**Extracted data**
***

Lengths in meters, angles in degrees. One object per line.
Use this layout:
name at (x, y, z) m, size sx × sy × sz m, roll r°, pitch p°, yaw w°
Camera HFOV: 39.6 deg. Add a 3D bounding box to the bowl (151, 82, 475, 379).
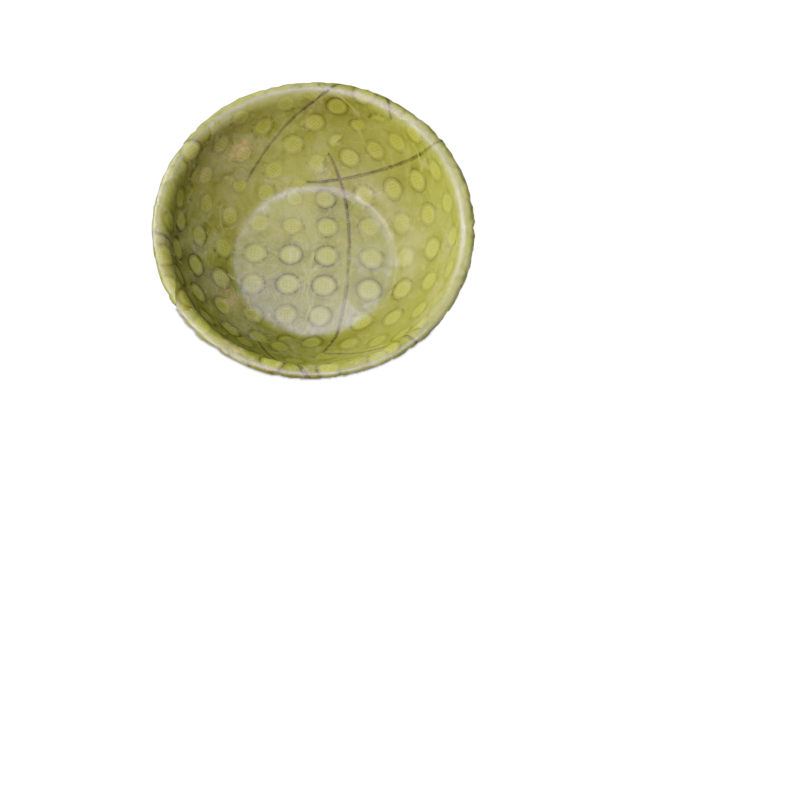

***

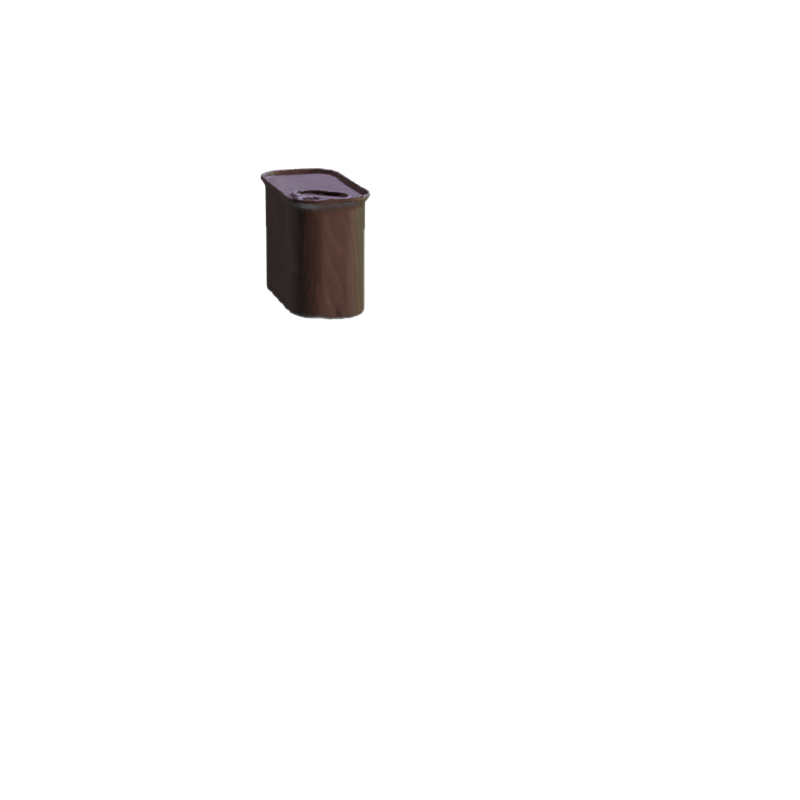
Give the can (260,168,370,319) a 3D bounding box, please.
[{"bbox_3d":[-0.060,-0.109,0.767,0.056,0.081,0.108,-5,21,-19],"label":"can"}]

***

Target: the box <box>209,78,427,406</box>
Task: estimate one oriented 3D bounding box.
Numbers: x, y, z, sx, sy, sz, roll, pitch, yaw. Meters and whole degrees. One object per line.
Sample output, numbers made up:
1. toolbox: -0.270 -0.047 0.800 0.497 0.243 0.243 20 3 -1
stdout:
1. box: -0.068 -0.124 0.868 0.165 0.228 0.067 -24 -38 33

***

**Work to be completed**
Begin with the line that has "Lengths in meters, angles" in the listing above and end after the line that has "Camera HFOV: 39.6"; output those lines exactly.

**Written response**
Lengths in meters, angles in degrees. One object per line.
Use this layout:
name at (x, y, z) m, size sx × sy × sz m, roll r°, pitch p°, yaw w°
Camera HFOV: 39.6 deg. Add a 3D bounding box to the bowl (151, 82, 475, 379).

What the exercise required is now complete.